Previous studies conducted in the Netherlands showed that forestry workers have an increased risk of acquiring infections transmitted by ticks 27–30. In this study, 11.6% (6.5–18.8%) of the forestry workers tested positive for anti-B. miyamotoi IgG antibodies. These findings indicate that in addition to LB and other tick-borne pathogens, forestry workers also run an occupational risk of acquiring infection with B. miyamotoi or at least being exposed to this tick-borne pathogen. Furthermore, based on the findings presented here, demonstrating that the group of patients with suspected HGA have a significantly higher seropositivity compared with blood donors, it is suggested that B. miyamotoi might also cause a febrile illness comparable to HGA. This is in line with previous case reports 15. Indeed, the clinical manifestations of HGA might be similar to those caused by B. miyamotoi infection, including (high-grade) fever, chills, myalgia, nausea and headache a few weeks after a tick bite. Therefore, clinicians should include B. miyamotoi in the differential diagnosis of patients with a febrile illness caused by an unknown aetiological agent when there is evidence of tick exposure.
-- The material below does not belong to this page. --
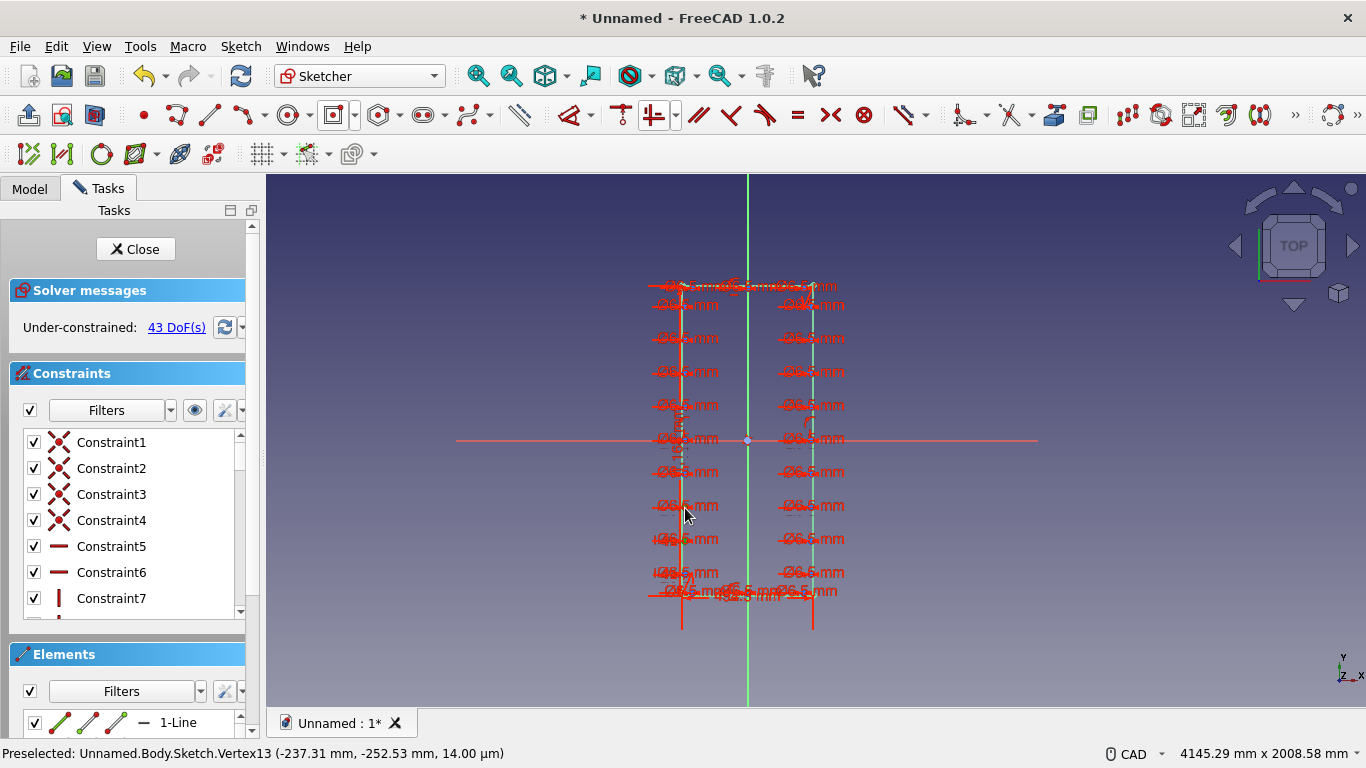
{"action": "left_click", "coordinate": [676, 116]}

In conclusion, a Luminex-assay was developed for seroepidemiological screening of IgG antibodies against the GlpQ protein of B. miyamotoi. We observed an increase in seroprevalence from blood donors compared with unconfirmed and confirmed LNB patients. However, only the forestry workers and the serologically unconfirmed but suspected HGA group consistently showed significantly higher seroprevalence compared with the blood donor panel. It could be that some patients identified as having LB and definitely some that were suspected of having HGA, substantiated in part by non-specific serological tests such as a whole-cell ELISA or not substantiated at all, may actually have been infected with these relapsing fever spirochaetes. Furthermore, our study suggests that individuals that are (occupationally) exposed to ticks in the Netherlands, such as forestry workers, are potentially at risk for B. miyamotoi infection. Interestingly, in light of the popularity of outdoor recreational activities among Dutch people, it is to be expected that this will certainly predispose a large number of people to the risk of infection with B. miyamotoi, among other tick-borne pathogens. Therefore, B. miyamotoi infection should be included in the differential diagnosis when forestry workers or patients who engage in outdoor recreational activity present with fever after a tick bite. In addition, in patients with unexplained fever or HGA-like symptoms after exposure to ticks, physicians should consider B. miyamotoi infection. Until better validated diagnostic tests become available it should be recommended to consult academic referral centres when there is suspicion of B. miyamotoi infection.